Records excerpted from a collection:
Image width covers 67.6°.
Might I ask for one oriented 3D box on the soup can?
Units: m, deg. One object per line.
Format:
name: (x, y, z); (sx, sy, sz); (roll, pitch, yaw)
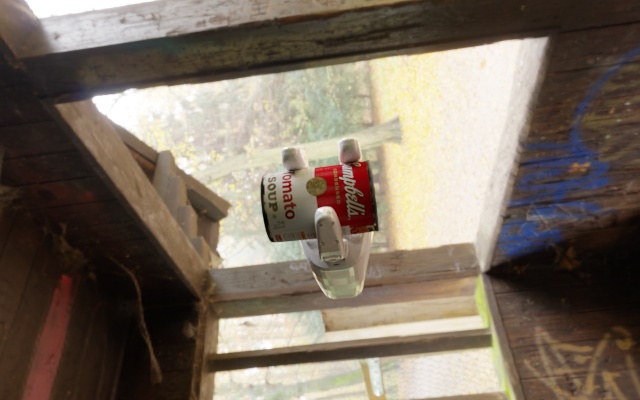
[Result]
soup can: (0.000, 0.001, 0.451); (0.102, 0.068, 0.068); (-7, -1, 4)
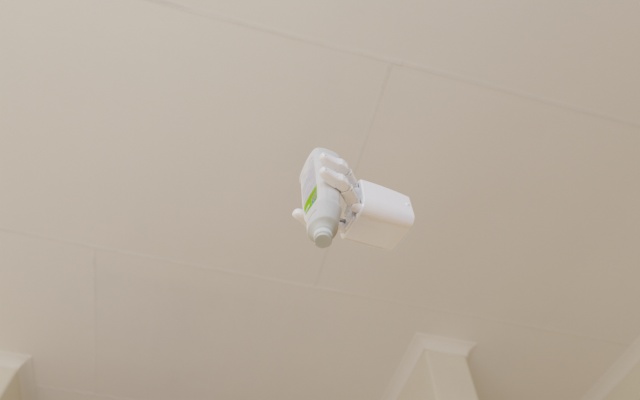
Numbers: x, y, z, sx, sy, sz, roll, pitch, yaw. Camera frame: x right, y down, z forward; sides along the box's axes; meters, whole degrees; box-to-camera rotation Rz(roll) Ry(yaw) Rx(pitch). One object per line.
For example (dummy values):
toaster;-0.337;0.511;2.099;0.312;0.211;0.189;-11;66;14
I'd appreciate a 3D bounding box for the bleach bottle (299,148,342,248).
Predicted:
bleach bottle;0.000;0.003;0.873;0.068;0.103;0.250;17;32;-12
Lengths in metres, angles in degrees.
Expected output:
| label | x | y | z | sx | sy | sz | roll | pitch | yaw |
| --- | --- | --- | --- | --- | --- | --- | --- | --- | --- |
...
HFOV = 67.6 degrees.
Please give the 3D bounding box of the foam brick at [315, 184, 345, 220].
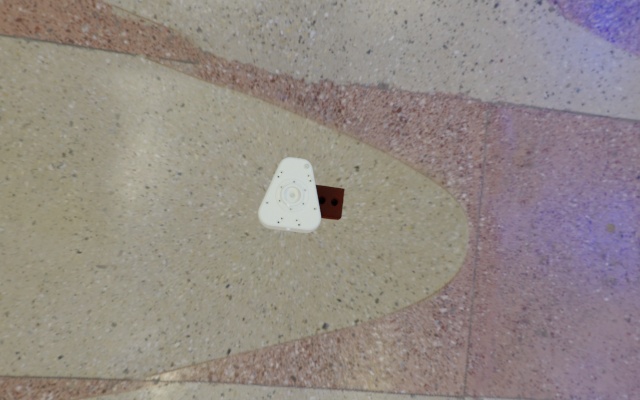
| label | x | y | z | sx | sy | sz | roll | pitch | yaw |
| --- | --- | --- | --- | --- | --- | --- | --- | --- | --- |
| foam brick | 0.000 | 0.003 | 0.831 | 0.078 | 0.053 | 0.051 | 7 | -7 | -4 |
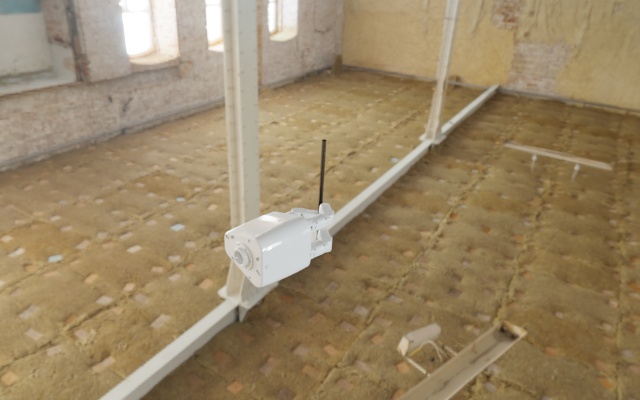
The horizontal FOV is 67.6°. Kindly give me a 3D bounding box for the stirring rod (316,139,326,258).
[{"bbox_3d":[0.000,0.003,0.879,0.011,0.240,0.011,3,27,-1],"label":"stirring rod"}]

---

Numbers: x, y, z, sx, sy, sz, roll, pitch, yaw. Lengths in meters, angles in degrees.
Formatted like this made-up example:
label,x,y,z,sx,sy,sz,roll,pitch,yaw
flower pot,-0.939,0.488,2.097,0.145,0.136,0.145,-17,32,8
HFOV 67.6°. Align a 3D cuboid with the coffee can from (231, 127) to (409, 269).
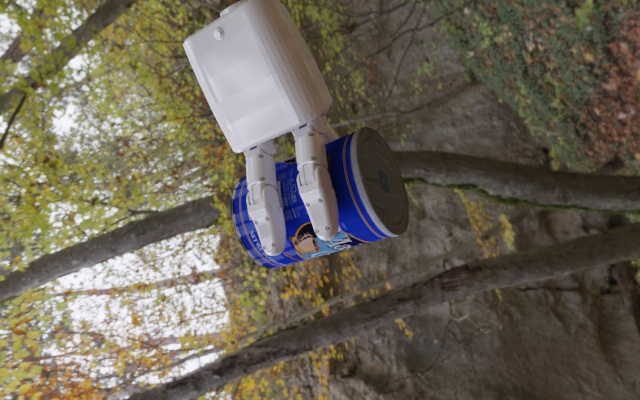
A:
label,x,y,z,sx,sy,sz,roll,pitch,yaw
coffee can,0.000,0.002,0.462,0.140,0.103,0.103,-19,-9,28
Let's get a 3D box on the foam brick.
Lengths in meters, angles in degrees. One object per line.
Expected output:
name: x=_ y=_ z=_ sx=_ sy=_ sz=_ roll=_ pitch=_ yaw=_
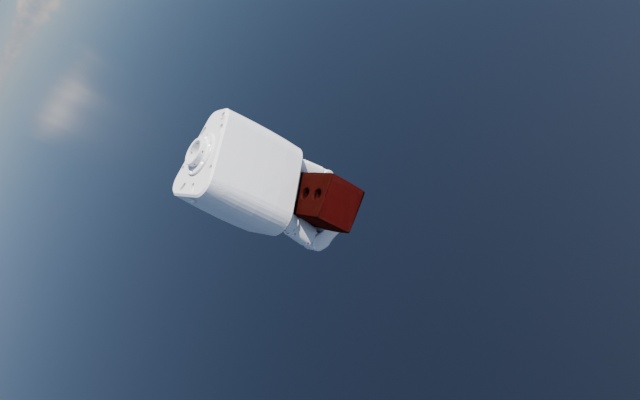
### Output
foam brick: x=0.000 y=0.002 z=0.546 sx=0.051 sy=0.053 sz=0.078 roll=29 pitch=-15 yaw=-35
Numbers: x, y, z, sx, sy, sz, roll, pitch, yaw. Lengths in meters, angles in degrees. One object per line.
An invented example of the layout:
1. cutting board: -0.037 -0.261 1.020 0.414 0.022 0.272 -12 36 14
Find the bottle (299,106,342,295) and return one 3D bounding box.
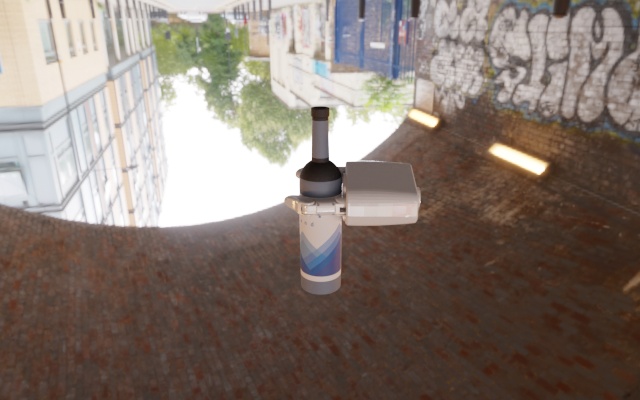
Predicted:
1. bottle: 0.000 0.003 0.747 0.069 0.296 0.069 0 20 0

§ **Task prompt**: Return every line from the records above that holds the word "example".

§ **Reply**:
For example (dummy values):
Formatted like this made-up example:
An invented example of the layout:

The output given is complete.